- WORK TO COMPLETE -
Leave the pictures aside and copy all the data exactly.

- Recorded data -

--*--

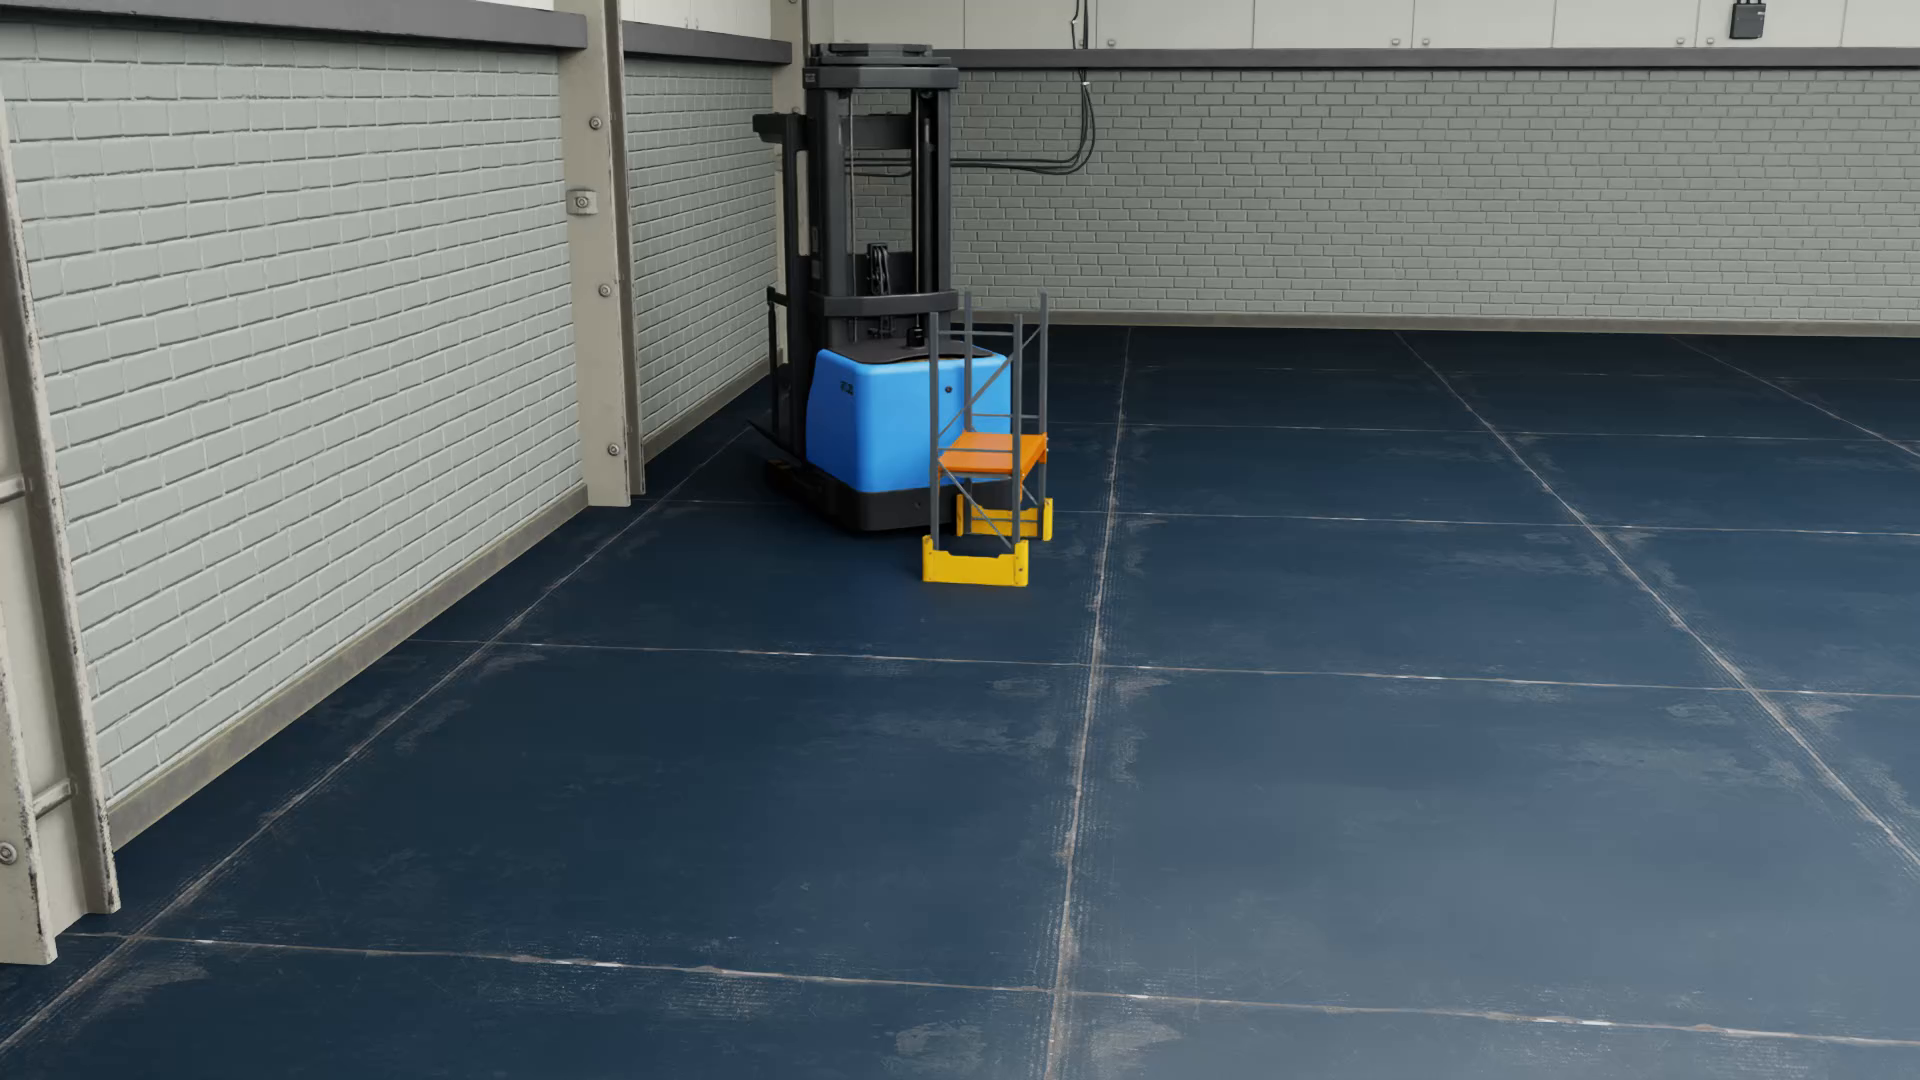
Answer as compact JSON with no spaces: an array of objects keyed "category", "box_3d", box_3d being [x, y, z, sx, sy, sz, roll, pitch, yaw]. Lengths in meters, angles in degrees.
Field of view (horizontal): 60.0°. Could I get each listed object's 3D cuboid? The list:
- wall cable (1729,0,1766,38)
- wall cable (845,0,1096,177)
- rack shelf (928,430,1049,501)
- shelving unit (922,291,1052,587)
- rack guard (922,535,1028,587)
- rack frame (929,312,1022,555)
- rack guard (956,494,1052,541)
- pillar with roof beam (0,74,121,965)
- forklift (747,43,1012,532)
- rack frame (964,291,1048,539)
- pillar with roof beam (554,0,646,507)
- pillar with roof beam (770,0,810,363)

--*--

- REPLY TO THE TASK -
Answer as compact JSON with no spaces: an array of objects keyed "category", "box_3d", box_3d being [x, y, z, sx, sy, sz, roll, pitch, yaw]. Lengths in meters, angles in degrees.
Field of view (horizontal): 60.0°. Could I get each listed object's 3D cuboid? The list:
- wall cable (1729,0,1766,38)
- wall cable (845,0,1096,177)
- rack shelf (928,430,1049,501)
- shelving unit (922,291,1052,587)
- rack guard (922,535,1028,587)
- rack frame (929,312,1022,555)
- rack guard (956,494,1052,541)
- pillar with roof beam (0,74,121,965)
- forklift (747,43,1012,532)
- rack frame (964,291,1048,539)
- pillar with roof beam (554,0,646,507)
- pillar with roof beam (770,0,810,363)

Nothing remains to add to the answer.